Nothing outside the stretch is wanted. Repeat exactly the lines of the listing below from the one that contains "19) car [931,625,1010,660]" through the one that contains "36) car [307,626,378,649]", both ends included.

Start of Block

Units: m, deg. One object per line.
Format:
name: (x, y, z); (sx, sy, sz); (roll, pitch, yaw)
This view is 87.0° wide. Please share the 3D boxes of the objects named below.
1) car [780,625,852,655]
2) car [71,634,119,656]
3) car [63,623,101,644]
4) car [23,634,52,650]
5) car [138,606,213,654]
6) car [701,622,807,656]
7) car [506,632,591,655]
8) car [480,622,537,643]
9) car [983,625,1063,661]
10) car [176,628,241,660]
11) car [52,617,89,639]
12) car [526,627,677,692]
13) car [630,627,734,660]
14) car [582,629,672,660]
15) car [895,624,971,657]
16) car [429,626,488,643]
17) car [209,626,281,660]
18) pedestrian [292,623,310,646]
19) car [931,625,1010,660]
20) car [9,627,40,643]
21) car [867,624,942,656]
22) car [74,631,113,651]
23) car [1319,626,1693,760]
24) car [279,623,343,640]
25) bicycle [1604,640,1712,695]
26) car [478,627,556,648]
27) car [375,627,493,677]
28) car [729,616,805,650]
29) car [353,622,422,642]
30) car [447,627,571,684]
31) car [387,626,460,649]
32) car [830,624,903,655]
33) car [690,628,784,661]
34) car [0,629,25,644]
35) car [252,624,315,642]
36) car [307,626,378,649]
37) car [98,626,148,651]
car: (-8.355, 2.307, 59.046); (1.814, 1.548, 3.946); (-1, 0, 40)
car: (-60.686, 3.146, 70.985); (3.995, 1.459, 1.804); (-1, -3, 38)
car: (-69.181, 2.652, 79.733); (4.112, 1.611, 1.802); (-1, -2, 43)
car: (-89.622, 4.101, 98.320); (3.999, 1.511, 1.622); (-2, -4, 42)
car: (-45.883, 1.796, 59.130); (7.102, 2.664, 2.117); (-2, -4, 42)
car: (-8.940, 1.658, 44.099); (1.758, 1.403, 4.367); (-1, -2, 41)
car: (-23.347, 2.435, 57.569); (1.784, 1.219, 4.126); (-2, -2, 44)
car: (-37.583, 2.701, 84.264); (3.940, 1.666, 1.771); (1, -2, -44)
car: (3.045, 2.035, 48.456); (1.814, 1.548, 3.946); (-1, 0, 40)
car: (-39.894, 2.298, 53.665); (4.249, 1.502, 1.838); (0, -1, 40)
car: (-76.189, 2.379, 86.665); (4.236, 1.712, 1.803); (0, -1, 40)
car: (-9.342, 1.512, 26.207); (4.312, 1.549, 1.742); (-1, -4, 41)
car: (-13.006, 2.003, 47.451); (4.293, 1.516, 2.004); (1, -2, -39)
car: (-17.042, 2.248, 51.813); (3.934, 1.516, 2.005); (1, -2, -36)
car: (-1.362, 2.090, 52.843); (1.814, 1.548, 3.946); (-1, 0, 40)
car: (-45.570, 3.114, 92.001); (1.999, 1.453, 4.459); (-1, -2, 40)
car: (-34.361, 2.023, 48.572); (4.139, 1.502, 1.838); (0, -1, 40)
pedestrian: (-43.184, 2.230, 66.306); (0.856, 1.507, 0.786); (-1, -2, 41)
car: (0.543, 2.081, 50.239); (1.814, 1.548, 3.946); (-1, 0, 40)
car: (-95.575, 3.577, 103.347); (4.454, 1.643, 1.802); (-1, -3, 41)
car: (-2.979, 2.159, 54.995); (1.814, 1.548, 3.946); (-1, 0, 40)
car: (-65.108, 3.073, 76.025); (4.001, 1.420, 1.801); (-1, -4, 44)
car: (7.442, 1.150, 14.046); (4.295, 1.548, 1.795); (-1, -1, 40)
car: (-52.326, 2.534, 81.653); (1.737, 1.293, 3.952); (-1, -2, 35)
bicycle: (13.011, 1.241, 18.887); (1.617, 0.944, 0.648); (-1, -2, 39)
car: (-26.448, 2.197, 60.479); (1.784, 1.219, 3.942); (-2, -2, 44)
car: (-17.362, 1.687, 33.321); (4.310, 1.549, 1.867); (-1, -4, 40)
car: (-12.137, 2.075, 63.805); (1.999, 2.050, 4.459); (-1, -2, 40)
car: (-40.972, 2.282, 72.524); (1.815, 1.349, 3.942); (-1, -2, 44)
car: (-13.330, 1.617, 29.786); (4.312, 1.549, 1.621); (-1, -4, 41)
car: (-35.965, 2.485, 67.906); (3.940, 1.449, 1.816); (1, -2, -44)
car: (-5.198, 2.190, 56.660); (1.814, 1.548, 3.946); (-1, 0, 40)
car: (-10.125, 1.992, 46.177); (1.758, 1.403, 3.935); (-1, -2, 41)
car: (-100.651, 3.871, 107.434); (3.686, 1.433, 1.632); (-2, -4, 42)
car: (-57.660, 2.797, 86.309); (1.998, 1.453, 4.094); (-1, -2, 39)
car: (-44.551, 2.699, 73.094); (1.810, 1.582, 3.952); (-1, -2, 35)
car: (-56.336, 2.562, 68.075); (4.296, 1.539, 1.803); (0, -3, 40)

End of Block

__SOLUTION__
19) car [931,625,1010,660]
20) car [9,627,40,643]
21) car [867,624,942,656]
22) car [74,631,113,651]
23) car [1319,626,1693,760]
24) car [279,623,343,640]
25) bicycle [1604,640,1712,695]
26) car [478,627,556,648]
27) car [375,627,493,677]
28) car [729,616,805,650]
29) car [353,622,422,642]
30) car [447,627,571,684]
31) car [387,626,460,649]
32) car [830,624,903,655]
33) car [690,628,784,661]
34) car [0,629,25,644]
35) car [252,624,315,642]
36) car [307,626,378,649]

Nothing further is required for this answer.